Behind all the technical lingo, what problem does this solve that cannot be solved by sticking to a git repo that tracks your research and using some simple actions on top of GitHub for visualization etc.?

▲

throwpoaster

10 months ago

[-]

Remember the famous HN comment:

“This ‘Dropbox’ project of yours looks neat, but why wouldn’t people just use ftp and rsync?”

▲

scherlock

10 months ago

[-]

The fact that software engineers are the only folks with the skills to do what you just said.

When I was working on PhD thesis 20 years ago, I had a giant makefile that generated my graphs and tables then generated the thesis from LaTeX.

All of it was in version control, made it so much easier, but no way anyone other than someone that uses those tools would be able figure it out.

▲

exe34

10 months ago

[-]

> The fact that software engineers are the only folks with the skills to do what you just said.

I've always been impressed by the amount of effort that people are willing to put in to avoid using version control. I used mercury about 18 years ago, and then moved to git when that took off, and I never write much text for work or leisure without putting it in git. I don't even use branches at all outside of work - it's just so that the previous versions are always available. This applies to my reading notes, travel plans, budgeting, etc.

▲

Tachyooon

10 months ago

[-]

Version control is fantastic, and you can get quite creative with it too. Git scraping for example (https://simonwillison.net/2021/Dec/7/git-history/). But as nice as Git is, people who are not trained to be a software developer or computer scientist often don't have a lot of exposure to it, and when they do it's a relatively big step to learn to use it. In my mechanical engineering studies we had to do quite a bit of programming, but none of my group mates ever wanted to use version control, not even on bigger projects. The Jacquard notebook and other Ink&Switch projects are aimed at people with non-software backgrounds, which is quite nice to see :)

▲

ska

10 months ago

[-]

Oh, they all use version control.

It just looks like "conf_paper1.tex" "conf_paper3.tex" "conf_paper_friday.tex" "conf_paper_20240907.tex" "conf_paper_last_version.tex" "conf_paper_final.tex"

...

"conf_paper_final2.tex"

Oh, and the figures reference files on local dir structure.

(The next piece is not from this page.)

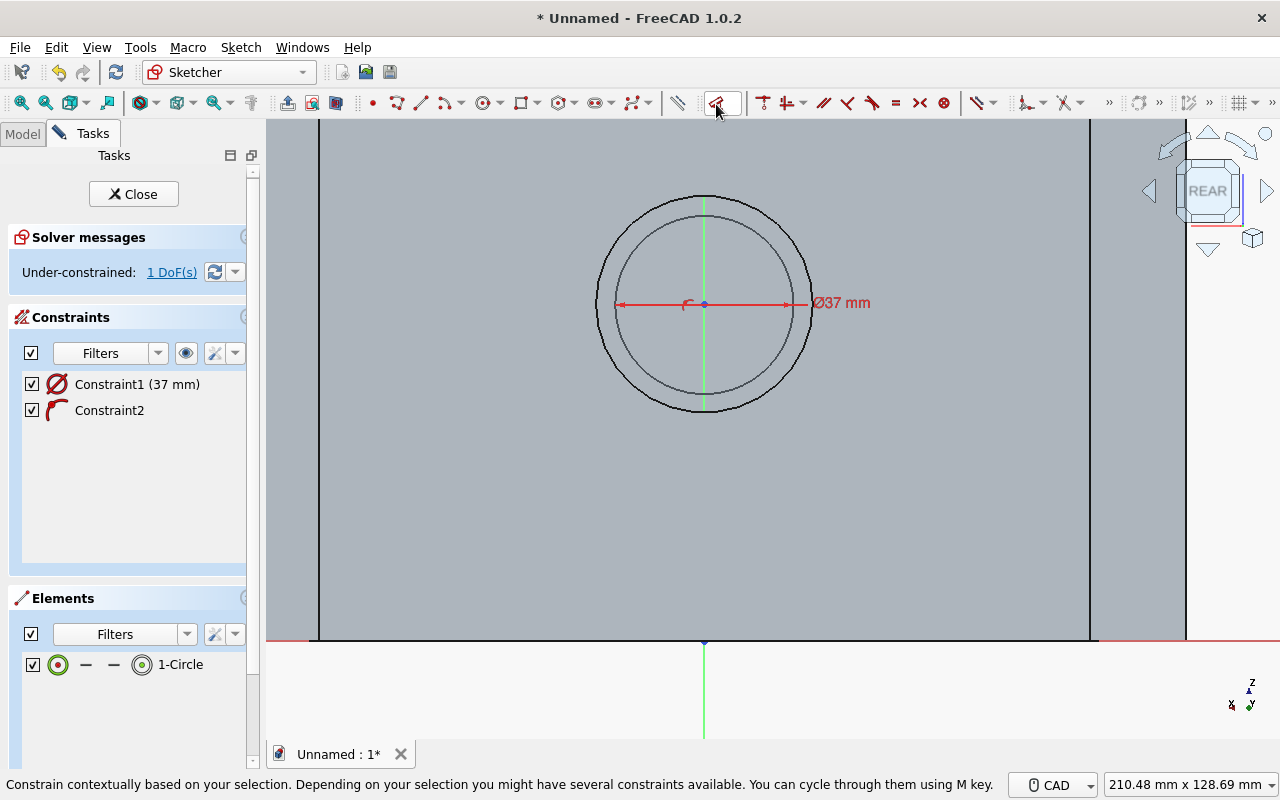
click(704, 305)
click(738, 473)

And the actual, eventually published version, only exists in email back and forth with publisher for style files etc.

▲

RhysabOweyn

10 months ago

[-]

I once worked with a professor and some graduate students who insisted on using box as a code repository since it kept a log of changes to files under a folder. I tried to convince them to switch to git by making a set of tutorial videos explaining the basics but it was still not enough to convince them to switch.

▲

svnt

10 months ago

[-]

When github started, for most people the only purpose was just so you didn’t have to manage a server holding your repository. To avoid using it at that point for private projects required all of ssh and a $5/mo virtual machine somewhere, and all of their customers could follow the steps to set that up. It still succeeded.

▲

sega_sai

10 months ago

[-]

That is actually a very interesting idea. While I am not necessarily interested in some sort of build system for a paper, but being able to figure out which plots need to be regenerated when some data file or some equation is changed is useful. For this, being able to encode the version of the script and all the data files used in creating of the plot would be valuable.

▲

kleton

10 months ago

[-]

Given the replication crisis in the sciences, objectively this is probably a good thing, but the incumbents in the field would strongly push back against it becoming a norm.

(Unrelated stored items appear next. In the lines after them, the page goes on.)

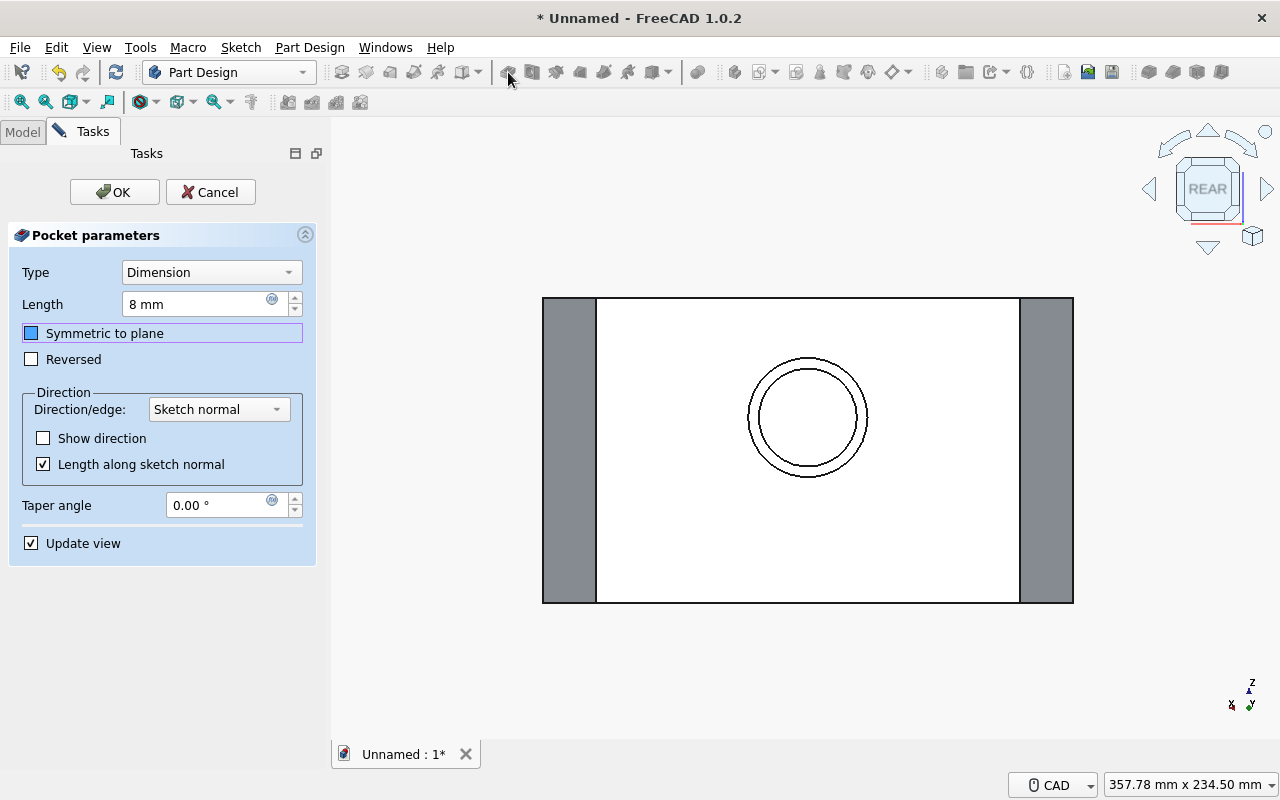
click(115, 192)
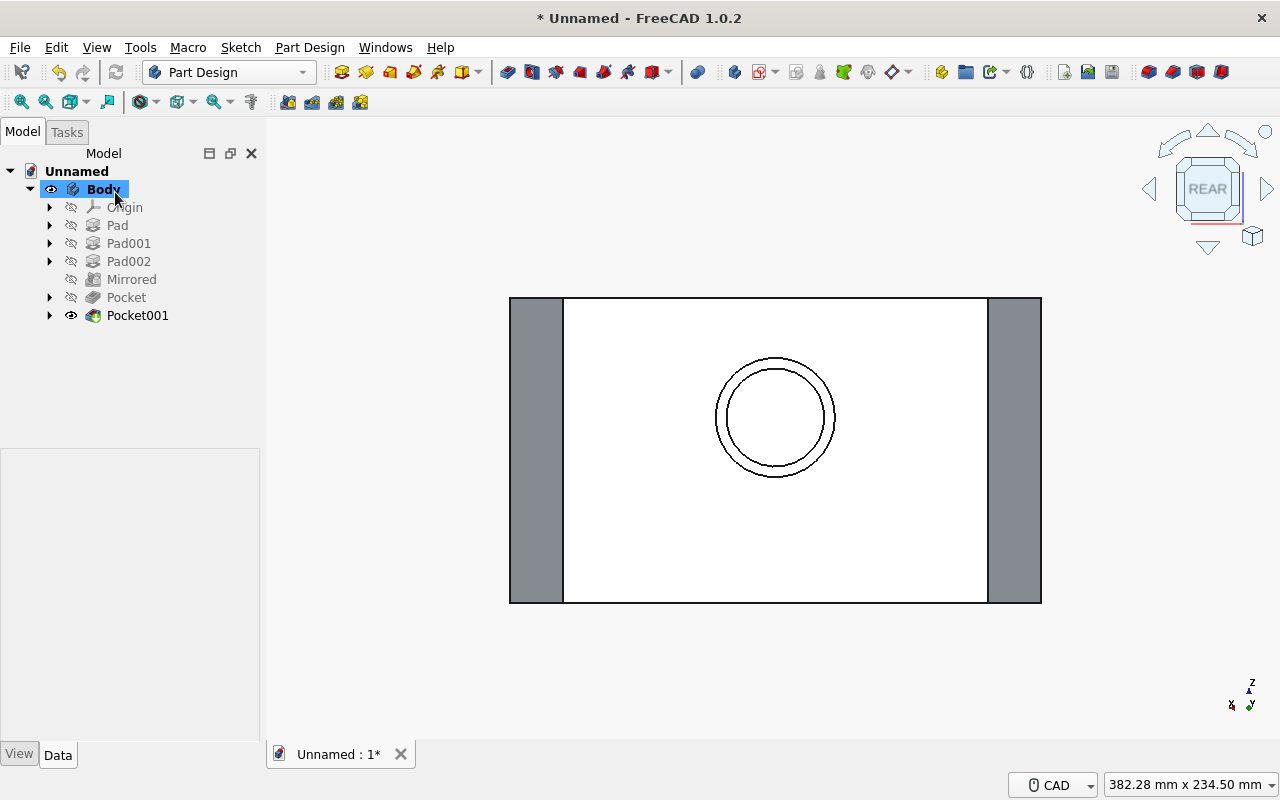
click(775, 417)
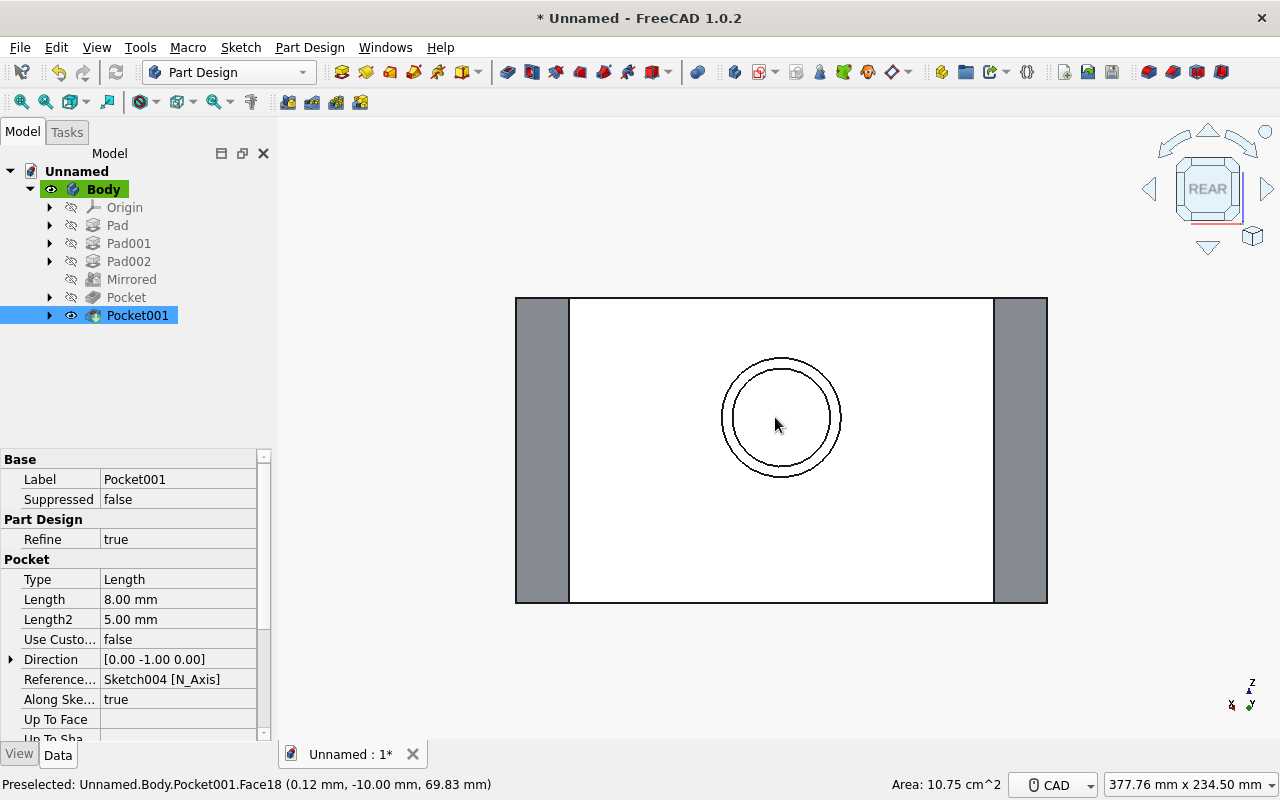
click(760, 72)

https://en.wikipedia.org/wiki/Replication_crisis

▲

ska

10 months ago

[-]

This addresses a nearly orthogonal issue.

▲

idiotlogical

10 months ago

[-]

Am I not smart, or what about the "Subscribe" page won't allow me to get past the "Name" field? I tried a few combos and even an email addresses and it doesn't validate:

https://buttondown.com/inkandswitch

▲

pvh

10 months ago

[-]

Hey, thanks! I don't know what's regressed here but I've emailed the support people for buttondown.